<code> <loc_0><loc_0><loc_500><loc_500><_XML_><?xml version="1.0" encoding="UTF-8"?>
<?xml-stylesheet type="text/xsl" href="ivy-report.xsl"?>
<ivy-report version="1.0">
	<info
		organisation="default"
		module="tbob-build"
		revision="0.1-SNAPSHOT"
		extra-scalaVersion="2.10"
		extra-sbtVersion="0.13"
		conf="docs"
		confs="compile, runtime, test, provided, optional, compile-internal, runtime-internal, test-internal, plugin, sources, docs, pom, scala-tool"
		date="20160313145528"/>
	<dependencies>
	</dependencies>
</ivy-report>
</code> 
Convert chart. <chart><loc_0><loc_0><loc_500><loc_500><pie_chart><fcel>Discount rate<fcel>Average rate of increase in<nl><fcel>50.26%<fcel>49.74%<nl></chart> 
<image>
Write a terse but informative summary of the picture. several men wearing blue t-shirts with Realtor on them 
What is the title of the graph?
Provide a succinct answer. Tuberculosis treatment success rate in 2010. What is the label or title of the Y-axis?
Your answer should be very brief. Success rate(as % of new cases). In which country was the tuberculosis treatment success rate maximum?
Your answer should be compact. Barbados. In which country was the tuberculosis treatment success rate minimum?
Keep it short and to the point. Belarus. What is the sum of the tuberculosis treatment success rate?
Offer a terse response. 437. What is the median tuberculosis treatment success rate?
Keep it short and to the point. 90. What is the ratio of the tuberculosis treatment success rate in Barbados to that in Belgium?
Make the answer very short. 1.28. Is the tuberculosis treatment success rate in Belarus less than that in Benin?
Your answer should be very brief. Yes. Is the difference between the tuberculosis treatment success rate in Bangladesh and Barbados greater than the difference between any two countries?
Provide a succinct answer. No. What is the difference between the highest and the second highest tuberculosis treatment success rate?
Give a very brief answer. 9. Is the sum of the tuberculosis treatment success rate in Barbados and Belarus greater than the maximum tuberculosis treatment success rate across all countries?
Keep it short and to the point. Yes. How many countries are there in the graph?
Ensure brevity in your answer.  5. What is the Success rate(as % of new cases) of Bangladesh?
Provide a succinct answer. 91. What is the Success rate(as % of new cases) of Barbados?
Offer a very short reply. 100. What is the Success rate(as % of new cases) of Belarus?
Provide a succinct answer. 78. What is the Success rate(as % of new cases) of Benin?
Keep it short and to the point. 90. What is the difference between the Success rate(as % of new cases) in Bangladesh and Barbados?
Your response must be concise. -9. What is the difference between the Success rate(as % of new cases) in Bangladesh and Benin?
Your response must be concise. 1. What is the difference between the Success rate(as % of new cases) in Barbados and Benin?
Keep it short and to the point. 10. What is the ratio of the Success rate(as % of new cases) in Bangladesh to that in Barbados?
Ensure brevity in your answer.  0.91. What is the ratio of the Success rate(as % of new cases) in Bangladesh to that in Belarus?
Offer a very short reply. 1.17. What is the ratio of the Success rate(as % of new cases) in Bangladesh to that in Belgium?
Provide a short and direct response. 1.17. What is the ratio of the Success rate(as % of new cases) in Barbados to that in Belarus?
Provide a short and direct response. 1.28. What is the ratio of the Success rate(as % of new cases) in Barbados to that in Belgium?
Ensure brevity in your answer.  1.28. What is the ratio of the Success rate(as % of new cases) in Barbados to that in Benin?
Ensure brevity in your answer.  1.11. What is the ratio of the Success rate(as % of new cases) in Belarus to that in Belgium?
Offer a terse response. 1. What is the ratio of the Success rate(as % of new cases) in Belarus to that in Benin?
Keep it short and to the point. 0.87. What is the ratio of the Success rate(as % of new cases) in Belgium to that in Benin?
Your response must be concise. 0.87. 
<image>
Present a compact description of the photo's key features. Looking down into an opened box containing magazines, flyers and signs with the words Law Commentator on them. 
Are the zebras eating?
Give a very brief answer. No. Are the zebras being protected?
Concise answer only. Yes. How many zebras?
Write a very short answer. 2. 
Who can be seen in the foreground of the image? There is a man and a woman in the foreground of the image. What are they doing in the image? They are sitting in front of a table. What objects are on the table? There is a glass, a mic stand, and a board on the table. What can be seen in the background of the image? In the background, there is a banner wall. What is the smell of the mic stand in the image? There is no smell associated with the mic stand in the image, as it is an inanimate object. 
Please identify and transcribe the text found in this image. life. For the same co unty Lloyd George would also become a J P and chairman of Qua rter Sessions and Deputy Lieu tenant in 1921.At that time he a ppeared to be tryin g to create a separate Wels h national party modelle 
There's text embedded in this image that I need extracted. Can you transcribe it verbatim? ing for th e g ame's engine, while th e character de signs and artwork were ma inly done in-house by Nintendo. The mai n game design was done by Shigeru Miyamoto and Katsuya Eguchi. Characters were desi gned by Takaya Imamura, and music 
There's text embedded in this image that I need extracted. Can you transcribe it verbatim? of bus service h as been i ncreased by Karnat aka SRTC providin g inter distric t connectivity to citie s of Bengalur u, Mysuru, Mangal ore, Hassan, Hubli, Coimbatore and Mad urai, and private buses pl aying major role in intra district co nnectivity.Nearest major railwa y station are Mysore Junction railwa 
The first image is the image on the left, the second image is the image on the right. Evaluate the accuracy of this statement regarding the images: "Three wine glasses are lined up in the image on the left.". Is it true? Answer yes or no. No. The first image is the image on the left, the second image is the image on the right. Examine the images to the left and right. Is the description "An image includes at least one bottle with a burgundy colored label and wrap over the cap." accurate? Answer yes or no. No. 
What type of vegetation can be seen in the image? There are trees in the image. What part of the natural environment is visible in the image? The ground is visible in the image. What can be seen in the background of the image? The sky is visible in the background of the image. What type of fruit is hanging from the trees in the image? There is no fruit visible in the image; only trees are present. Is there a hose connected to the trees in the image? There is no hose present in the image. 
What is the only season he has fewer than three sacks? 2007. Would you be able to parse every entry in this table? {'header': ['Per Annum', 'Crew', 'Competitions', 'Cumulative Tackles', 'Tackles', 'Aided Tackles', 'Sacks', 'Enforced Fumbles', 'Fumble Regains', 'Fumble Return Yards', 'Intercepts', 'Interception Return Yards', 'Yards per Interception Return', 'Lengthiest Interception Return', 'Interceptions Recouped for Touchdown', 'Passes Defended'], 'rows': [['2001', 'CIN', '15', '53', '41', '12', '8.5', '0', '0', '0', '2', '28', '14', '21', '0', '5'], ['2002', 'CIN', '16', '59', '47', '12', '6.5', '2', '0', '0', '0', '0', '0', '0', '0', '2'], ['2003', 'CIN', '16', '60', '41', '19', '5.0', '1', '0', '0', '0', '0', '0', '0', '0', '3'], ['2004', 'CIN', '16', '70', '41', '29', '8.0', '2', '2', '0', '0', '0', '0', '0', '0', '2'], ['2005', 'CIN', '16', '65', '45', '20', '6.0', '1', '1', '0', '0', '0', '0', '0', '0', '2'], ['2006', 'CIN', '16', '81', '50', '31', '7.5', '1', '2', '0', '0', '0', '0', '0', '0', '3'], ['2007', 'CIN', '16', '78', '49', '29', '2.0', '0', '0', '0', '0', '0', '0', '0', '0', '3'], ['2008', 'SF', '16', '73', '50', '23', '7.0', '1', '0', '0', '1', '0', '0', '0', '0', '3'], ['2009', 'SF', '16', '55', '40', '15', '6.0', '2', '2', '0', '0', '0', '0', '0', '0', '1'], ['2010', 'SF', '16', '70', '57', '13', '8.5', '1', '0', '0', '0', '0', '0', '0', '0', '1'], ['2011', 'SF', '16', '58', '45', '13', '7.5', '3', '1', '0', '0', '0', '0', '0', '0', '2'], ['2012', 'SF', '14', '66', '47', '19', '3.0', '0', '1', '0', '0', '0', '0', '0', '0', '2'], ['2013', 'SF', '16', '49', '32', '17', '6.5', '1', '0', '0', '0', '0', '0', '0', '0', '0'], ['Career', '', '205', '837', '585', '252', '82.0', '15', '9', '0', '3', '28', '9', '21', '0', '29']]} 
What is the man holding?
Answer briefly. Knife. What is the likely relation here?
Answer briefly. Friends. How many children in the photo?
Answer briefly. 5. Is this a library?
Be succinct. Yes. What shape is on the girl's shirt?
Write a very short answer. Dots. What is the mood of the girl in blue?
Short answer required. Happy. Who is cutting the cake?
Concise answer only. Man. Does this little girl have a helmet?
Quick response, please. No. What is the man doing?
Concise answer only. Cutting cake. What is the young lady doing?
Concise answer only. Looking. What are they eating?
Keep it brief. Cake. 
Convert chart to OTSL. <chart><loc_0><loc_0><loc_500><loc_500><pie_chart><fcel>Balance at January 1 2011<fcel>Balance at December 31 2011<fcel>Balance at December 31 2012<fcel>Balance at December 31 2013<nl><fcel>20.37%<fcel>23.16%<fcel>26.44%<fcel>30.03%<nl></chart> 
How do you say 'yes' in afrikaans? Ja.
============================================================
**Exercise objective:** Only the lines from the start of the material through the line containing "What is the title of the graph?" belong in the answer, each copied exactly.

**Response to this exercise:**
<code> <loc_0><loc_0><loc_500><loc_500><_XML_><?xml version="1.0" encoding="UTF-8"?>
<?xml-stylesheet type="text/xsl" href="ivy-report.xsl"?>
<ivy-report version="1.0">
	<info
		organisation="default"
		module="tbob-build"
		revision="0.1-SNAPSHOT"
		extra-scalaVersion="2.10"
		extra-sbtVersion="0.13"
		conf="docs"
		confs="compile, runtime, test, provided, optional, compile-internal, runtime-internal, test-internal, plugin, sources, docs, pom, scala-tool"
		date="20160313145528"/>
	<dependencies>
	</dependencies>
</ivy-report>
</code> 
Convert chart. <chart><loc_0><loc_0><loc_500><loc_500><pie_chart><fcel>Discount rate<fcel>Average rate of increase in<nl><fcel>50.26%<fcel>49.74%<nl></chart> 
<image>
Write a terse but informative summary of the picture. several men wearing blue t-shirts with Realtor on them 
What is the title of the graph?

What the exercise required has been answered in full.